Ma ci vuole la fede! Che fede ci vuole! Perché non solo noi siamo quelli di prima, ma anche Lui, che è venuto a salvarci, ha freddo! Anche Lui, che è venuto a salvarci, ha bisogno del latte di una Madre, come diceva, nel testo latino, l’inno alle Lodi: “Colui che dà il cibo agli uccelli, ecco, ha bisogno di un po’ di latte di una mamma…”!
Poter credere tutto questo è davvero perdere la testa: non possiamo altro che essere dei pazzi se siamo cristiani. Per non apparire pazzi, allora di queste cose non ne parliamo più.
È difficile credere! È estremamente difficile credere!
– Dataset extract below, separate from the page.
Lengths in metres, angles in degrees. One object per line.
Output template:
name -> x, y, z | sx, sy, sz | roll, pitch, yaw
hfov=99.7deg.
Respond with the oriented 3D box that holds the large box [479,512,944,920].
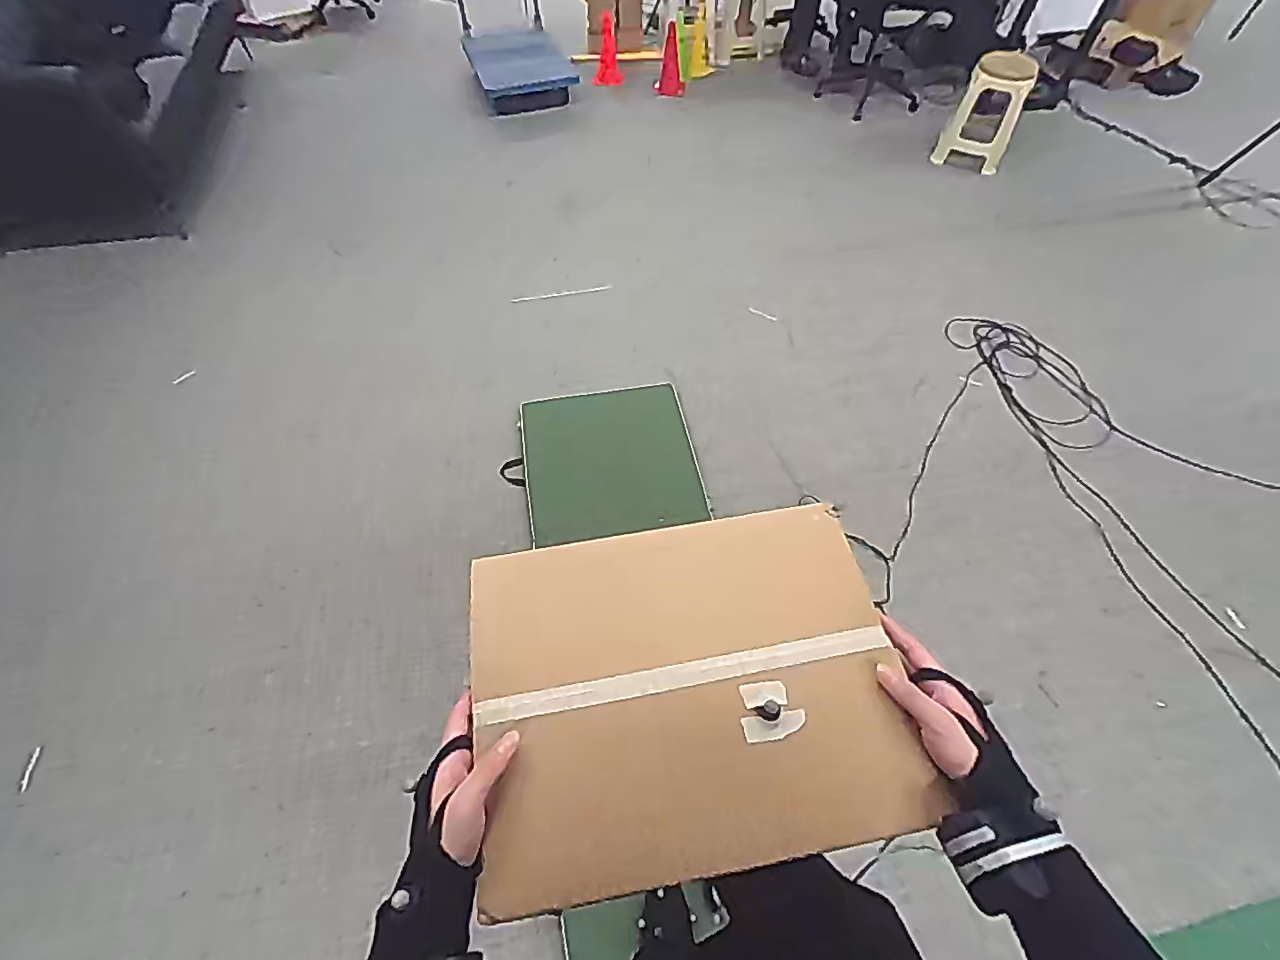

Dio si è fatto un uomo. Se noi riusciamo a contemplare questo Mistero, davvero possiamo contemplare la gloria di Dio, una gloria però che non somiglia nemmeno da lontano alla gloria degli uomini: la povertà e la debolezza sono la misura di questo amore infinito. Egli non si fa nemmeno come te, si fa più debole di te, perché tu lo prenda sulle braccia e lo difenda e lo nutra col tuo amore.
Viviamo nel Paradiso
È questo il Natale. E noi Io dobbiamo vivere oggi e sempre, vivendo la gioia del Paradiso proprio con i nostri malanni, con le piccole incomprensioni di ogni giorno, con questa vita che sembra così stupida e vuota. Dobbiamo vivere il Paradiso proprio in questa povertà, perché Dio si è fatto povero, perché Dio s’è fatto veramente uno di noi, senza cambiare la nostra condizione, ma assumendo Egli stesso questa nostra condizione di miseria, di povertà, di debolezza.
Che fede ci vuole! Sappiamo bene che è difficile saperlo riconoscere: chi lo ha conosciuto quando Egli è nato? La Vergine Maria, ma Ella è la Purissima; e poi, quattro o cinque pastori e nessun’altro. Ed è poi vissuto nel nascondimento per 30 anni. Ed era Dio! Ci vuole fede, sapete! Un Dio fatto uomo, vissuto trent’anni in un villaggio di poveri, in un villaggio sordido, sudicio, come ancora ce ne sono nel Medio Oriente, in cui entrare fa soltanto schifo. Ebbene: Egli è vissuto trent’anni lì e nessuno si è accorto di nulla. Di nulla! Nessuno! E noi dobbiamo dire: quell’uomo era Dio! Che fede ci vuole! Ma se Dio ci dona la fede, davvero allora possiamo dire di contemplare la gloria di Dio.